Top of Working data

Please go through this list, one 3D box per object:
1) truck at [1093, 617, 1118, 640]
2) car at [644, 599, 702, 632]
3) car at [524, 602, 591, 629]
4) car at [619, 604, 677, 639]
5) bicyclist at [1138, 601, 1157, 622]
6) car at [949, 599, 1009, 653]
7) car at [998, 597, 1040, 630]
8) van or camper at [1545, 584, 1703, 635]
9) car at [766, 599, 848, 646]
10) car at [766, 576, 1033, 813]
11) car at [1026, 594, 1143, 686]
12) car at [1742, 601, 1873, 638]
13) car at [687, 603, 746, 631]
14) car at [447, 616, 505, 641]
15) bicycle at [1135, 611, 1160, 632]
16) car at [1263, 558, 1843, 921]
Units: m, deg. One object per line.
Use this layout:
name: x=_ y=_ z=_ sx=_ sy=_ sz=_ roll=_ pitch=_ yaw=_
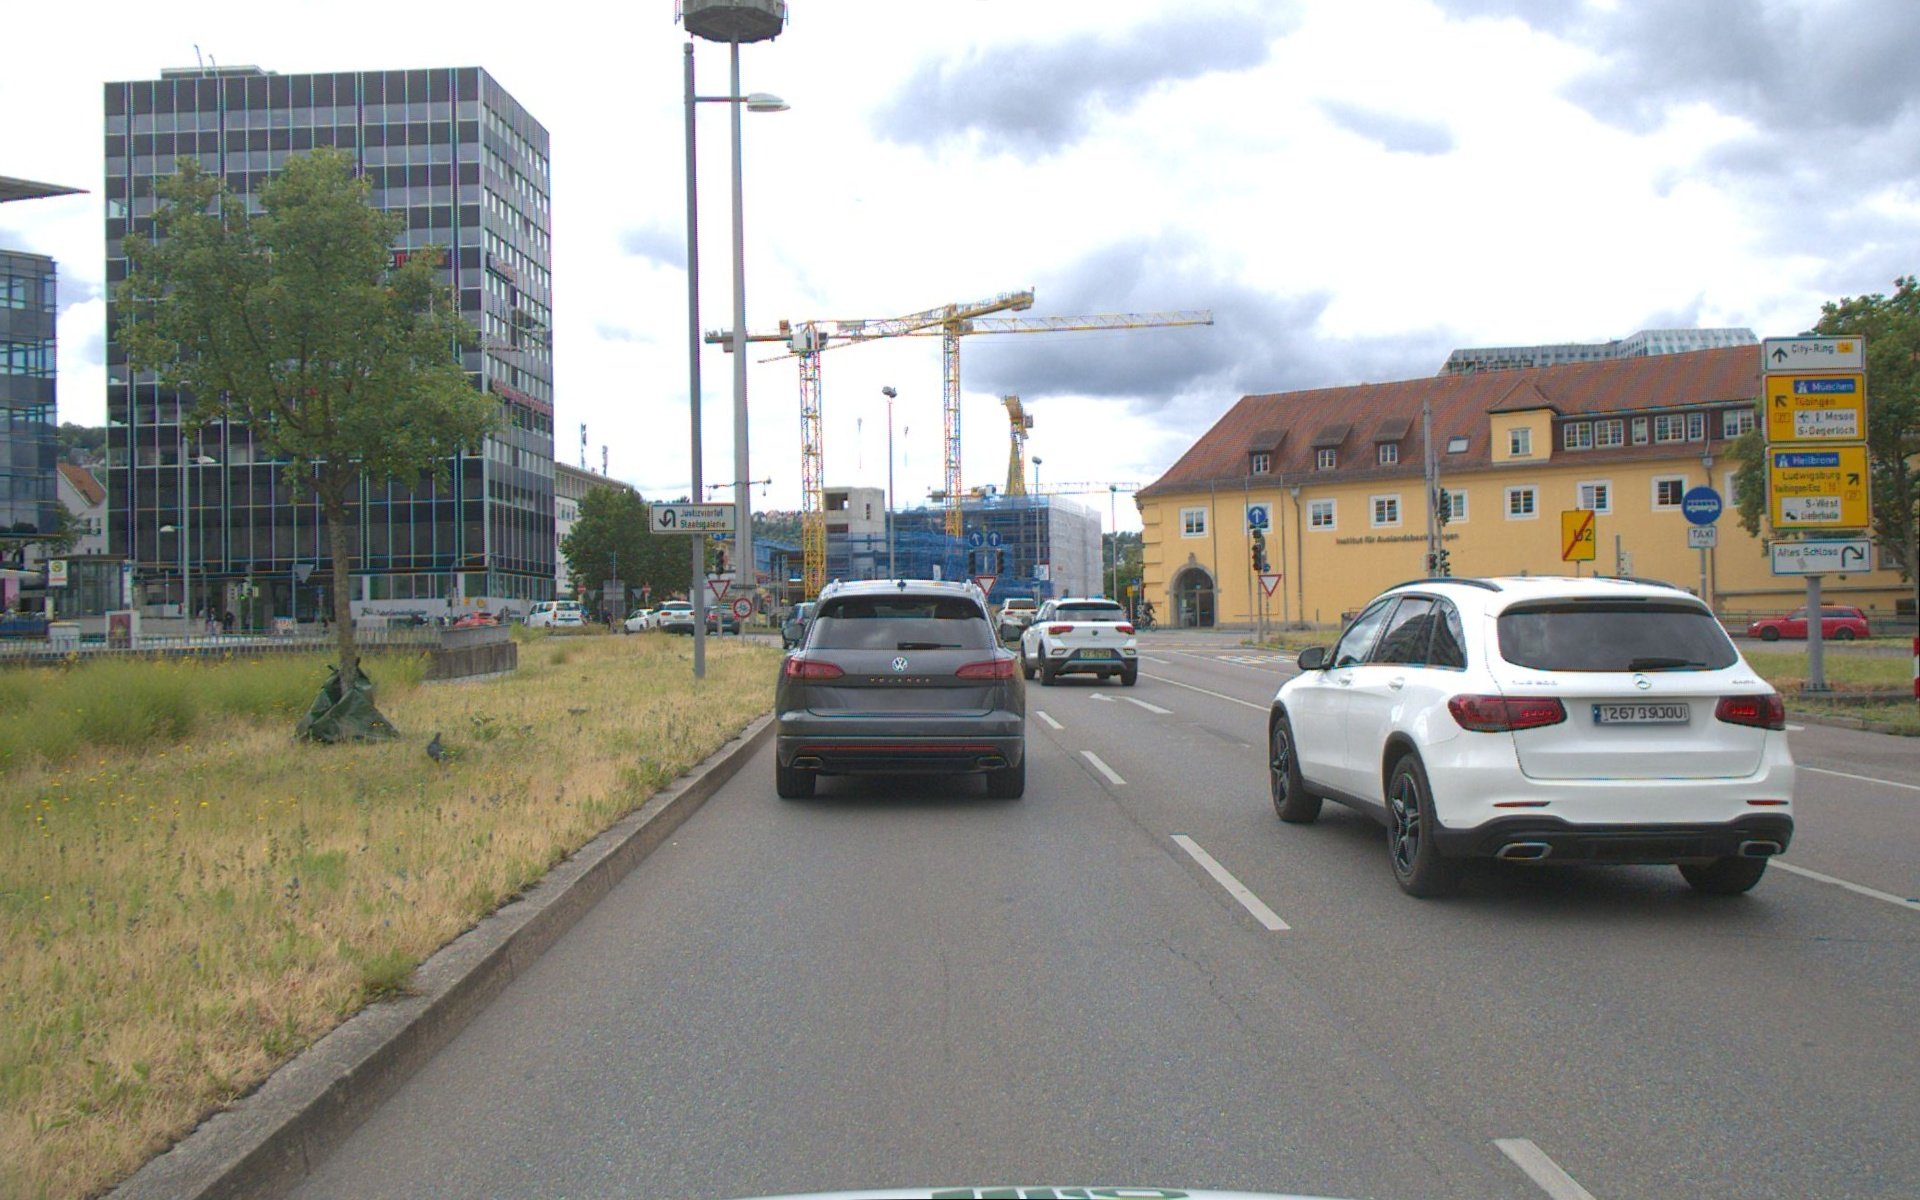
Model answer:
truck: x=16.544 y=3.227 z=187.753 sx=2.082 sy=2.496 sz=4.831 roll=0 pitch=0 yaw=14
car: x=-13.713 y=0.714 z=78.868 sx=1.791 sy=1.522 sz=3.875 roll=0 pitch=0 yaw=-25
car: x=-24.142 y=0.898 z=99.042 sx=2.229 sy=1.529 sz=4.547 roll=0 pitch=0 yaw=-38
car: x=-18.443 y=1.245 z=97.679 sx=1.879 sy=1.638 sz=3.951 roll=-3 pitch=6 yaw=-36
bicyclist: x=10.546 y=0.657 z=93.063 sx=0.905 sy=1.179 sz=0.724 roll=0 pitch=0 yaw=-6
car: x=0.542 y=0.737 z=49.119 sx=1.683 sy=1.529 sz=4.143 roll=0 pitch=0 yaw=0
car: x=2.789 y=0.621 z=78.785 sx=1.766 sy=1.529 sz=3.980 roll=0 pitch=0 yaw=-1
van or camper: x=28.016 y=0.416 z=69.868 sx=5.901 sy=2.049 sz=2.013 roll=-1 pitch=-1 yaw=35
car: x=-4.860 y=0.691 z=52.006 sx=1.765 sy=1.380 sz=4.050 roll=0 pitch=0 yaw=-17
car: x=-0.470 y=0.659 z=13.782 sx=1.894 sy=1.676 sz=3.999 roll=0 pitch=0 yaw=-1
car: x=2.287 y=0.708 z=31.182 sx=1.855 sy=1.613 sz=3.800 roll=0 pitch=0 yaw=-1
car: x=33.820 y=0.776 z=66.043 sx=4.591 sy=1.445 sz=1.593 roll=-1 pitch=-1 yaw=31
car: x=-12.594 y=0.883 z=85.505 sx=1.626 sy=1.421 sz=3.553 roll=0 pitch=0 yaw=-35
car: x=-31.161 y=1.826 z=106.377 sx=3.906 sy=1.529 sz=1.716 roll=0 pitch=0 yaw=40
bicycle: x=10.543 y=1.212 z=93.056 sx=0.905 sy=1.179 sz=2.462 roll=0 pitch=0 yaw=-6
car: x=3.165 y=0.634 z=9.882 sx=1.782 sy=1.676 sz=4.377 roll=0 pitch=0 yaw=-2

Bottom of Working data

=== Exercise objective ===
The answer is the run of lines above from the line containing "1) truck at [1093, 617, 1118, 640]" through the line containing "name: x=_ y=_", copied exactly and alone.

=== Solution for this problem ===
1) truck at [1093, 617, 1118, 640]
2) car at [644, 599, 702, 632]
3) car at [524, 602, 591, 629]
4) car at [619, 604, 677, 639]
5) bicyclist at [1138, 601, 1157, 622]
6) car at [949, 599, 1009, 653]
7) car at [998, 597, 1040, 630]
8) van or camper at [1545, 584, 1703, 635]
9) car at [766, 599, 848, 646]
10) car at [766, 576, 1033, 813]
11) car at [1026, 594, 1143, 686]
12) car at [1742, 601, 1873, 638]
13) car at [687, 603, 746, 631]
14) car at [447, 616, 505, 641]
15) bicycle at [1135, 611, 1160, 632]
16) car at [1263, 558, 1843, 921]
Units: m, deg. One object per line.
Use this layout:
name: x=_ y=_ z=_ sx=_ sy=_ sz=_ roll=_ pitch=_ yaw=_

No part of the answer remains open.